Assim eu me tornei a mocinha da sala das velas. A pessoa comprava a vela comigo e acendia ali ao lado, onde as paredes eram pretas e fazia um calor dos infernos. Depois de uma semana, estava prestes a morrer de tédio, quando percebi que eu podia fazer mais do que vender velas:

- Pra qual santo?

Conforme a resposta eu decidia se era pra arrumar marido, dinheiro, problema de saúde, mulher querendo engravidar, distúrbio mental ou encosto.

- O pedido...
- Como?
- Qual o pedido que a senhora vai fazer?
- Ah... Bem... É pro meu filho que foi pra cadeia.
- Motivo?
- Como?
- Motivo da prisão?
- Contrabando, ai Deus o livre. Pobrezinho...
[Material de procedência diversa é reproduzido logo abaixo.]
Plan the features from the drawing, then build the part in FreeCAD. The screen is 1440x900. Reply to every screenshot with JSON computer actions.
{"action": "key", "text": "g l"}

Prometi a Deus que não faria mais que três perguntas por pessoa. O pagamento era miserável, mas até que rendeu algumas historinhas.

 


09h28




Subemprego 13: Entregadora de rosas no Dia da Mulher

Eu tinha que me espremer dentro de um vestido vermelho de cetim, subir num salto agulha e sorrir. Não era pra ser sexy, só simpática. O cabelo devia ficar preso num coque, e nada de maquiagem pesada.

- A mulher passa, você entrega a rosa e diz: "Parabéns pelo seu dia! Boas compras!" Alguma dúvida?
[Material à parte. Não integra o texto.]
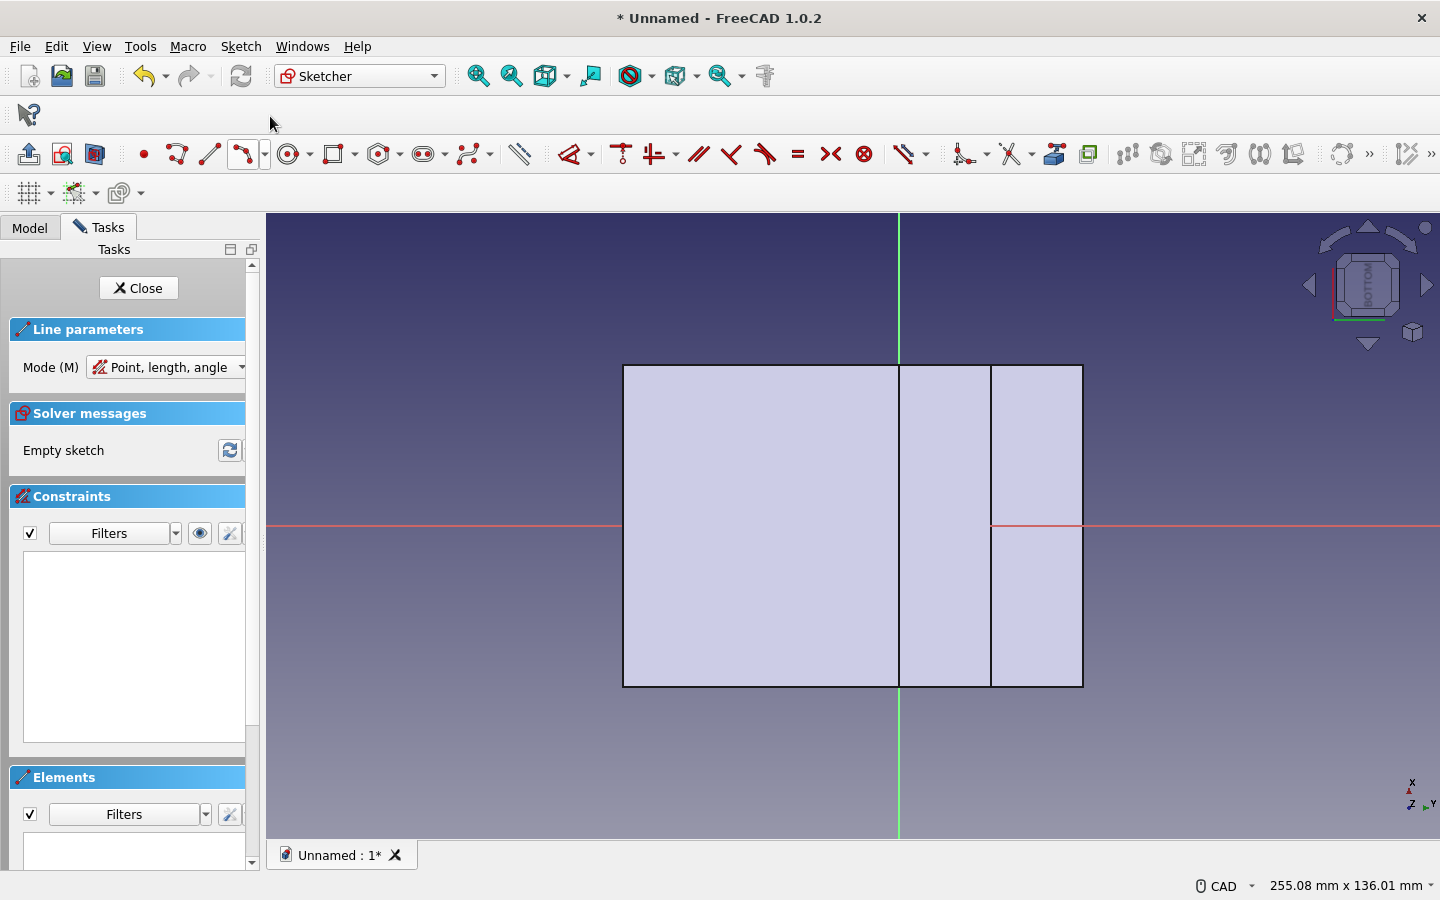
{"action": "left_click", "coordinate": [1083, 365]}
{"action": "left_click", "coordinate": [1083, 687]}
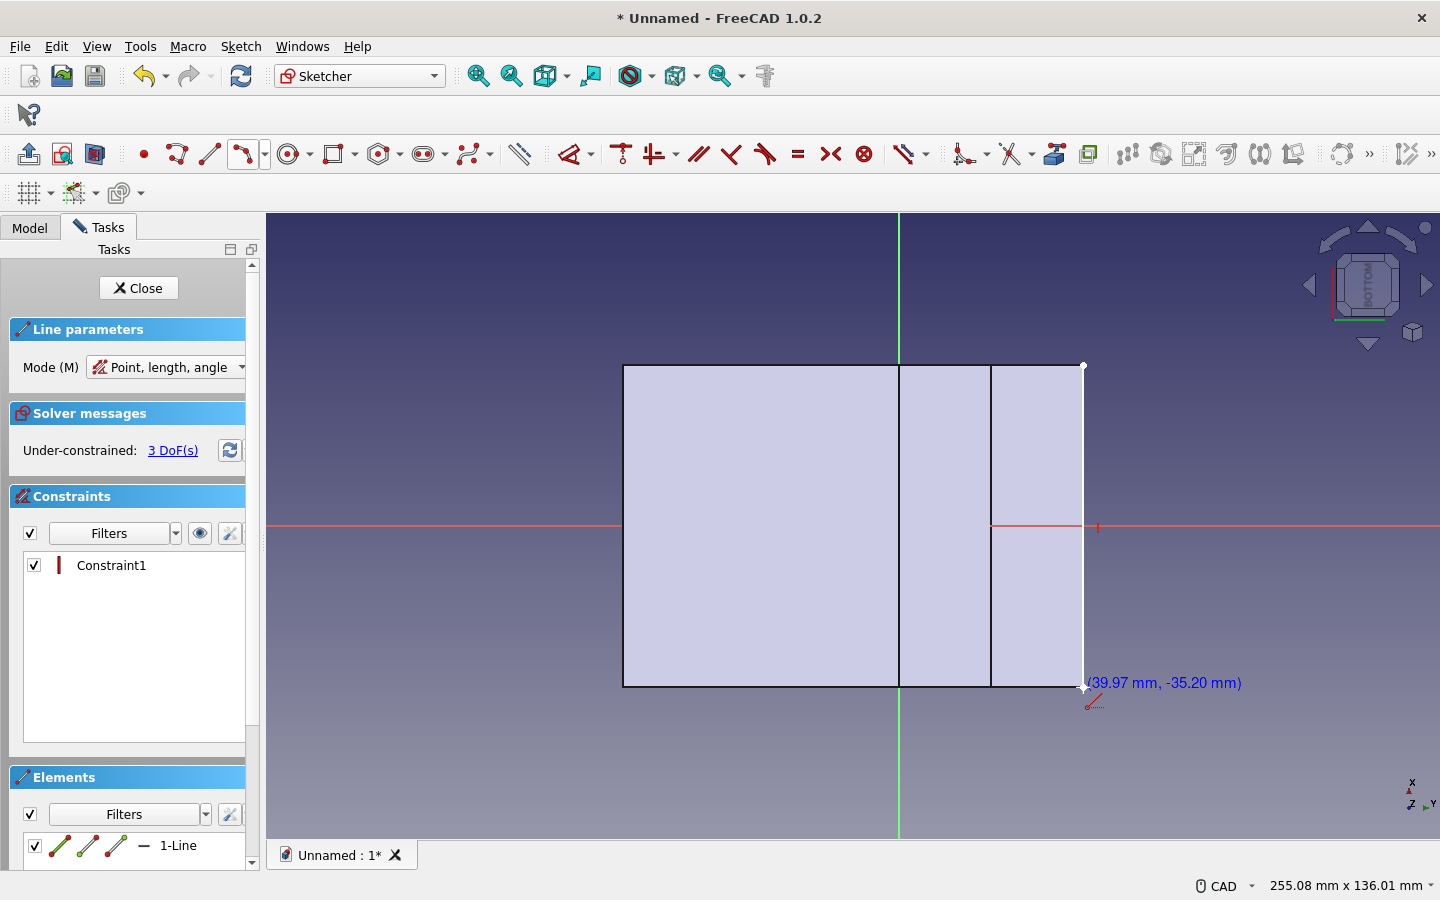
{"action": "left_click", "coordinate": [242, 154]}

Nenhuma! O pior que podia acontecer era eu cair do salto agulha. Passei o dia distribuindo rosas na porta do shopping. Tranqüilinho! Até que chegou uma pessoa:
- Você não vai me dar uma rosa não, ô!

Dei um sorrisinho. Era fim do expediente, achei que podia abrir uma exceção:
- Só se for para o senhor entregar para sua esposa.
- Que senhor o que, ô! Eu sou mulher, sua retardada!
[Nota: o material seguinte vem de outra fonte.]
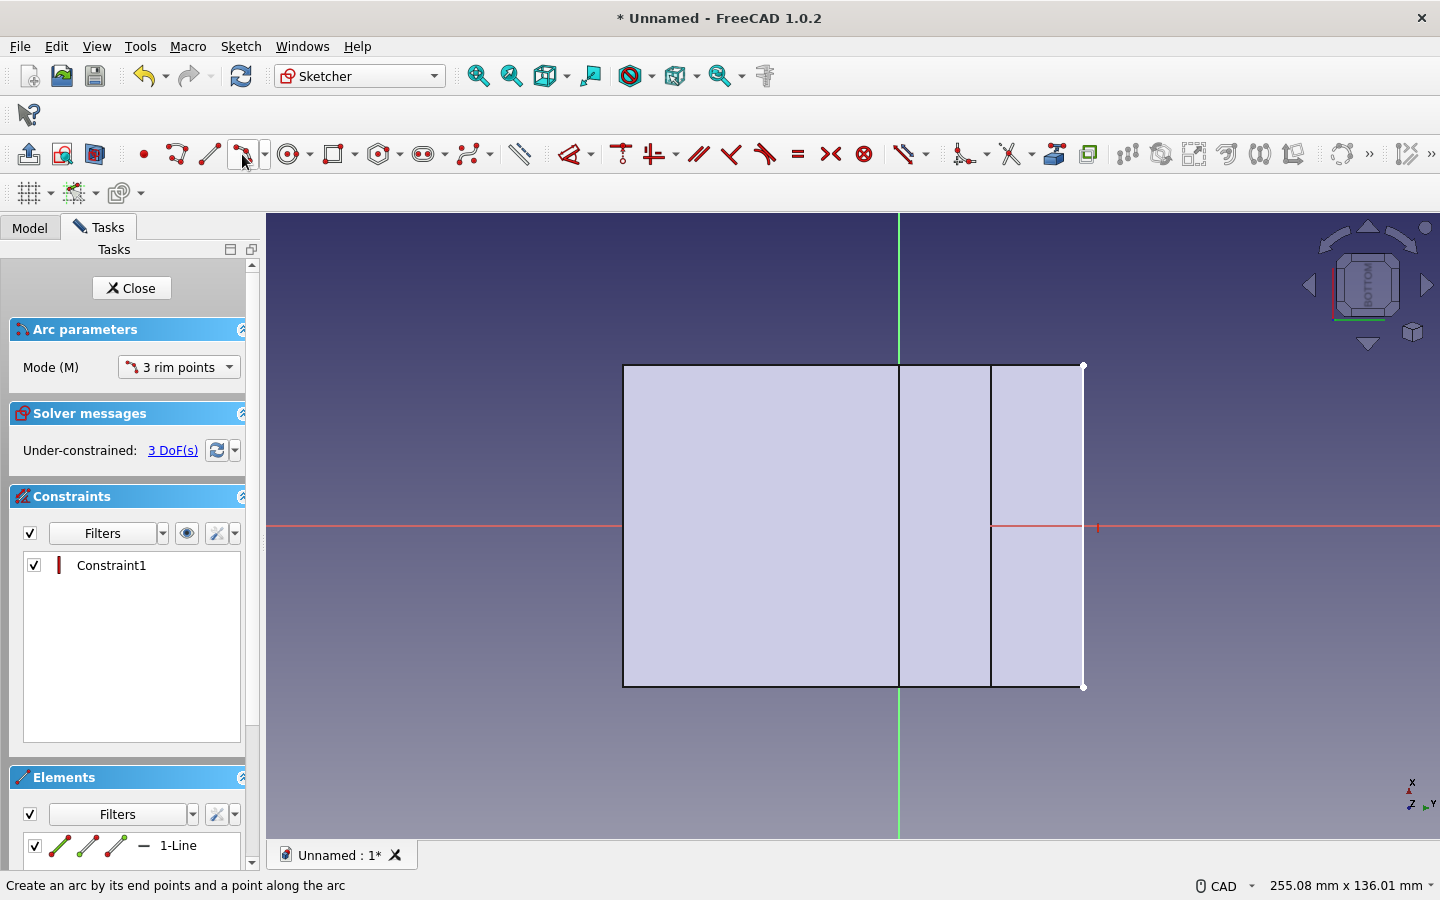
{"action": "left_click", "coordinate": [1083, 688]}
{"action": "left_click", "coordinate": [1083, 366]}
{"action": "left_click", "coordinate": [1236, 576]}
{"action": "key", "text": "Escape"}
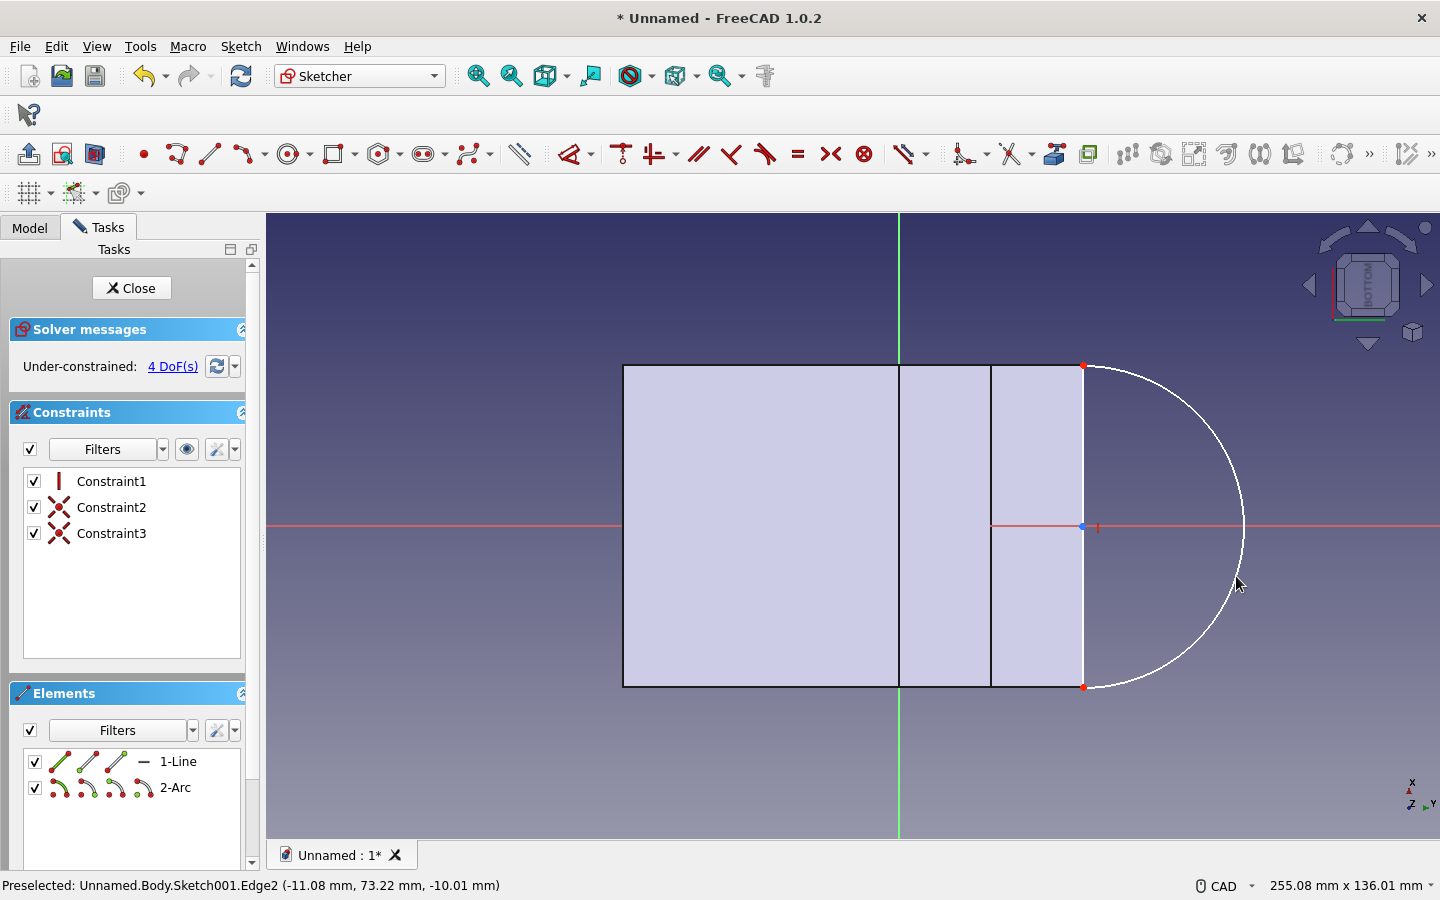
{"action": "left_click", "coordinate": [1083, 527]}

Foi horrível. Ela apertou os próprios peitos e ameaçou levantar a camiseta. Entreguei meia-dúzia de rosas e pedi mil desculpas. Mesmo assim tive que ouvir que eu era uma ignorante e reacionária.

Não há subemprego tranqüilinho....


09h35




Subemprego 12: Secretária da Sociedade de Estudos Gaya

O nome era só fachada. Na verdade estudavam gnomos. Meu trabalho era ficar sentadinha na recepção, onde todas as paredes eram abarrotadas de livros sobre gnomos. Alguns bonequinhos de gnomos ficavam sentadinhos entre os livros, todos à venda.

Além de recepcionar os visitantes, eu fornecia informações sobre as pesquisas de campo.

O pagamento era ótimo. Em algum lugar devia ter uma caverna subterrânea cheia de moedas de ouro. Preferia não saber. Os pesquisadores sempre foram muito simpáticos comigo. Aliás, ali todo mundo era simpático e alegre, o tempo todo. Eu me perguntava o motivo de tanta felicidade. Contanto que não aparecessem gnomos de verdade, por mim estava sossegado.

Até que um dia um gnomo roxo, que ficava sentadinho na última prateleira, pulou. Do nada ele se jogou lá de cima e caiu na minha mesa. Muito calmamente, peguei-o pela cintura e o recoloquei no lugar. No dia seguinte ele repetiu a façanha.

- O baixinho ali já começou a te atazanar? - perguntou o diretor.

Só aí percebi que a coisa era realmente séria. No final do expediente, torci o pescoço do boneco. Eu não ia perder uma boiada daquelas por medo de gnomo, não mesmo.


09h56




Subemprego 11: Vendedora de sonhos

- A primeira coisa sobre vender perfumes é que, na verdade, não estamos vendendo perfume - disse o palestrante.

Gostei disso. Pelo menos era honesto, pois as coisas nunca são o que são.
- Vendemos sonhos. Quando uma mulher compra um perfume, ela está comprando desejo, sedução, sensualidade, beleza, glamour.
Retiro a parte do honesto.

- É isso que vocês devem transmitir!
Ele só não explicava como. Eu passei a empinar mais os peitos e encolher a barriga. Teve uma colega que pintou o cabelo de amarelo. A outra tirou as sobrancelhas e desenhou dois arcos, devia ser o glamour. Falávamos com vozes roucas e cruzávamos e descruzávamos pernas: sensualidade.

Não adiantou nada. Tenho certeza que a escolha era pelo nome. As mais espalhafatosas escolhiam Picasso, as poderosas: Eternity, as esquisitas: Dali, as inexpressivas: CK1.

Eu vivia das amostras grátis e uma inveja corrosiva. A única vantagem é que eu, ao contrário delas, podia mudar meu sonho a cada dia.